Opinión

Primera noche en Antioquía

El sol, aquella tarde, tomó un aspecto enfermizo y macilento. El día se iba arrugando y nos empujaba con sus congeladas manos a acercarnos a un fuego. Allí el calor provenía de aquella fogata que con troncos de roble chisporroteaba sobre la amplia piedra que venía a ser la base de aquella antigua cocina en la que se calentaba la cena y se intercambiaban viejas historias, algunos cuentos de osos, otros de ánimas… Entonces, a medida que la noche se iba tapando con un manto de lana cada vez más negra, los niños se acercaban a los mayores y los miraban fijamente con aquellos hermosos ojos, que brillaban entre tanto humo como dos cucarachas. 

Yo, invitado en aquella casa también aprendía y escuchaba. Era tal el ambiente que se formaba con aquel bule-bule de las palabras que tenía la sensación de que, aunque compartía las patatas cocidas y la calidez de la hoguera y el pan negro y la familiaridad -que es eso que te regalan en los pequeños pueblos, simplemente por eso…porque eres el maestro…-Digo amigo mío que, aunque yo formaba parte de aquella estampa de las ocho y media de la tarde, tenía la clara sensación de que era transparente. Me pasaban el plato de porcelana con unas u otras viandas, pero no me veían. Sólo me pasaban por encima la mirada.
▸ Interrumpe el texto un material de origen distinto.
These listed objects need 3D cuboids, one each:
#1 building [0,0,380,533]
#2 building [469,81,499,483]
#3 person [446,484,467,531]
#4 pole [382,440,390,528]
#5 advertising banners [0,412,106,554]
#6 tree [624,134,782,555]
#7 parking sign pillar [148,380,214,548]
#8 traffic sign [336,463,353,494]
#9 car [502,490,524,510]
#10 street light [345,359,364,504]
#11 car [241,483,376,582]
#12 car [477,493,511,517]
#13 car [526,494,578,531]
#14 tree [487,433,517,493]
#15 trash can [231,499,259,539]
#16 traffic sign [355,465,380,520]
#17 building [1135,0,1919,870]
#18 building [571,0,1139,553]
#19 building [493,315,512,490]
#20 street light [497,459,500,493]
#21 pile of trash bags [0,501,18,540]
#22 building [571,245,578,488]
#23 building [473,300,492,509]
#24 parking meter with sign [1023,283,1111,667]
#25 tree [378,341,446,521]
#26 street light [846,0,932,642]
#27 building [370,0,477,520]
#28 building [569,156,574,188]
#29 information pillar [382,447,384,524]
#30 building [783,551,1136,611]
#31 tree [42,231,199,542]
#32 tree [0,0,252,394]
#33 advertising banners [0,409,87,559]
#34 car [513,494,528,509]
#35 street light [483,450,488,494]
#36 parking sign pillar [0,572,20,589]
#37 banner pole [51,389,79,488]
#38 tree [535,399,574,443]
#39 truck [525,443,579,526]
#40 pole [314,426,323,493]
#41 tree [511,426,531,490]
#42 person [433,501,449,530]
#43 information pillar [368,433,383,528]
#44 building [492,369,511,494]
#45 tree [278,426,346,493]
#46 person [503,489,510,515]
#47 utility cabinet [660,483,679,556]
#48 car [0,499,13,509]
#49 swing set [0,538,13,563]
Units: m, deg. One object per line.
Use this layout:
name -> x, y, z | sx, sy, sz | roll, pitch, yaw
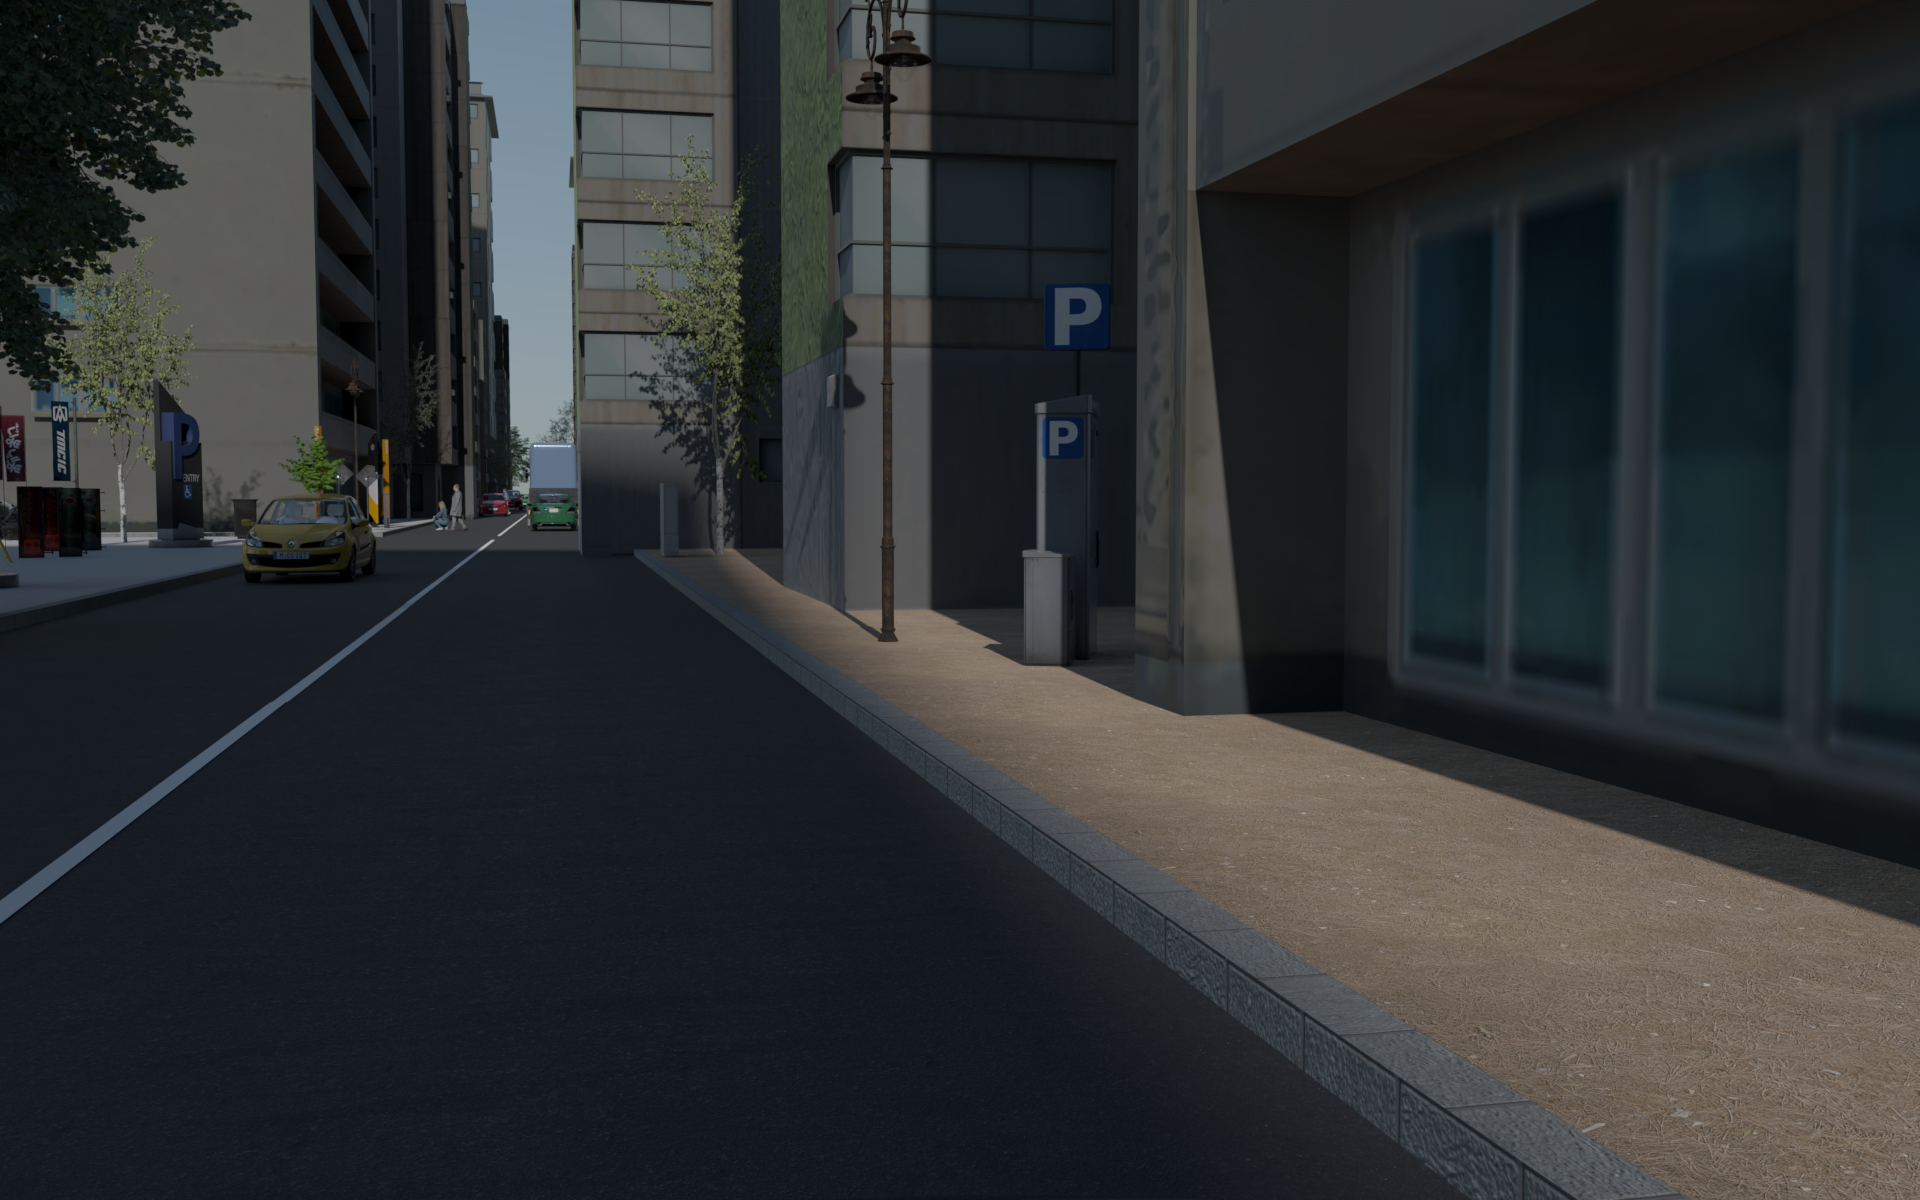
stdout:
building -> -34.516, -27.008, 65.278 | 21.300, 48.544, 21.600 | -1, 4, -13
building -> -74.176, -38.763, 223.007 | 28.713, 52.752, 27.495 | -1, 4, -13
person -> -19.478, -3.571, 66.981 | 0.767, 1.812, 0.694 | -1, 4, -10
pole -> -21.468, -4.340, 64.795 | 0.158, 3.312, 0.155 | 0, 3, 0
advertising banners -> -20.358, -2.610, 38.857 | 2.074, 3.025, 0.090 | -2, 4, -29
tree -> -4.829, -5.259, 36.351 | 4.737, 8.622, 4.395 | 0, 3, 0
parking sign pillar -> -18.801, -3.255, 41.696 | 1.447, 3.967, 1.447 | 0, 4, 8
traffic sign -> -18.440, -2.927, 51.495 | 0.795, 2.450, 0.064 | -1, 4, -13
car -> -40.442, -9.013, 156.032 | 2.281, 1.827, 5.304 | -1, 4, -13
street light -> -20.735, -5.302, 59.470 | 0.468, 5.910, 1.993 | -1, 4, -13
car -> -11.020, -1.175, 29.431 | 2.015, 1.641, 3.980 | -1, 4, -11
car -> -29.844, -6.223, 110.781 | 2.155, 1.783, 4.494 | -1, 4, -14
car -> -15.997, -3.452, 68.233 | 2.131, 1.459, 4.920 | -1, 4, -13
tree -> -55.290, -15.740, 207.717 | 4.360, 8.622, 3.978 | 0, 3, 0
trash can -> -20.452, -2.319, 49.565 | 0.748, 1.137, 0.748 | 0, 3, 0
traffic sign -> -20.263, -3.402, 59.270 | 0.795, 2.450, 0.064 | -1, 4, -13
building -> 13.857, -23.111, 1.569 | 21.300, 48.544, 21.600 | -1, 4, -13
building -> -3.436, -22.220, 46.884 | 14.154, 41.232, 14.086 | -1, 4, -13
building -> -78.452, -30.699, 273.635 | 14.160, 30.474, 14.107 | -1, 4, -13
street light -> -57.271, -14.828, 215.219 | 0.468, 5.910, 1.993 | -1, 4, -13
pile of trash bags -> -27.578, -2.315, 47.609 | 3.447, 1.369, 1.912 | -3, 5, -42
building -> -38.231, -26.385, 203.090 | 14.160, 30.474, 14.107 | -1, 4, -13
building -> -59.453, -19.471, 163.390 | 27.650, 21.520, 28.899 | -1, 4, -13
parking meter with sign -> 0.823, -1.061, 13.617 | 0.543, 3.016, 1.738 | 1, 4, 10
tree -> -26.760, -8.125, 83.211 | 4.360, 8.622, 3.978 | 0, 3, 0
street light -> -0.626, -2.575, 14.895 | 0.468, 5.910, 1.993 | -1, 4, -13
building -> -33.620, -19.623, 92.542 | 14.160, 30.474, 14.107 | -1, 4, -13
building -> -44.791, -41.353, 265.356 | 28.713, 52.752, 27.495 | -1, 4, -13
information pillar -> -24.520, -5.014, 73.333 | 0.183, 3.616, 0.504 | -3, 4, -36
building -> 4.002, -20.941, 25.982 | 14.154, 41.232, 14.086 | -1, 4, -13
tree -> -22.208, -5.834, 45.751 | 4.737, 8.622, 4.395 | 0, 3, 0
tree -> -11.018, -6.704, 16.271 | 9.857, 13.997, 8.962 | 0, 3, 0
advertising banners -> -18.617, -2.356, 34.705 | 0.090, 3.025, 2.074 | 3, 5, 40
car -> -42.693, -9.803, 169.075 | 1.959, 1.807, 4.718 | -1, 4, -15
street light -> -47.156, -12.192, 172.124 | 0.468, 5.910, 1.993 | -1, 4, -13
parking sign pillar -> -13.690, -2.148, 23.584 | 1.447, 3.967, 1.447 | -2, 4, -32
banner pole -> -21.256, -3.135, 41.267 | 0.401, 3.779, 0.863 | 2, 4, 25
tree -> -48.175, -18.778, 217.393 | 12.009, 13.543, 11.850 | 0, 3, 0
truck -> -19.925, -5.822, 84.955 | 2.967, 4.110, 18.799 | -1, 4, -13
pole -> -19.194, -3.549, 51.866 | 0.158, 3.312, 0.155 | 0, 3, 0
tree -> -74.415, -22.582, 287.343 | 7.486, 12.596, 7.792 | 0, 3, 0
person -> -20.795, -3.370, 69.093 | 0.738, 1.151, 1.012 | 0, 4, -2
information pillar -> -22.435, -4.579, 66.218 | 0.504, 3.616, 0.183 | 3, 4, 39
building -> -79.912, -24.862, 251.525 | 27.650, 21.520, 28.899 | -1, 4, -13
tree -> -18.322, -3.360, 49.538 | 1.663, 3.219, 1.824 | 0, 3, 0
person -> -29.945, -6.458, 114.434 | 0.444, 1.785, 0.601 | 0, 4, 6
utility cabinet -> -5.967, -1.647, 35.610 | 0.318, 1.500, 1.173 | -1, 4, -13
car -> -29.975, -2.623, 53.111 | 3.980, 1.641, 2.015 | -1, 4, -11
swing set -> -19.021, -2.036, 30.911 | 2.862, 2.851, 3.119 | 0, 4, -6

La tarde noche les pertenecía a ellos. Así el señor Venancio contaba cómo se había cortado con una lata oxidada. Entonces la mostraba. Era un buen tajo como de seis centímetros o más y ante la luz mísera que nos envolvía, impresionaba que aún estaba abierta y negra. Nadie se preocupaba porque él explicaba lo que todos sabían: había cortado la hemorragia envolviéndole una tela de araña. A los dos días estaría curada. 

De unas cosas pasaron a otras y también nos pasamos la jarra de barro con dos franjas. El vino era flojo y peleón, pero se limpiaba una vez bebido con el torso de la mano o con la manga. Parece que había venido el maragato, aquel de Astorga, que les cambiaba tocinos gruesos de cuatro dedos de ancho por los jamones. Está claro que los blancos tocinos les hacían más avío que los jamones ya que al fin y al cabo rendían bastante más. Aquella noche quedó bien claro cuando nos regaló la señora de la casa aquellos torreznos fritos.

Y hablando de aquella ciudad de la que provenían se pusieron a contar una historia que ellos sabían de buena tinta. Era la historia del puchero de sopa que tan bien les venía a las recién paridas. Aquel grasoso caldo de gallina era un alivio y un remedio eficaz para devolver la fuerza a aquella madre que hace nada era una muchacha. Yo, callado como ya dije arriba, gocé de la conversación y guardé en mi imaginación aquellas imágenes que en mi mente se construían con regocijo, un montón de humo y una admiración extraordinaria. 

Lo maravilloso provenía de un hecho que daban, por cierto: los maragatos una vez nacida una chica o un chico mandaban al padre, y no a la madre, a guardar cama y a ellos era a quien atendían con aquella sopa gallinácea. Nadie hacía comentarios necios y todo el mundo se admiraba, se extasiaba, y tenían claro que cada pueblo tenía el derecho de construir su historia como les diese la gana.

Me acercaron, y creo que seguían sin verme, aunque me miraban, una manta que alguien trajo de la mili con una raya blanca y me dormí sobre el escaño calentito, más sabio que había sido antaño y esperando que el sopor durmiese conmigo hasta la mañana.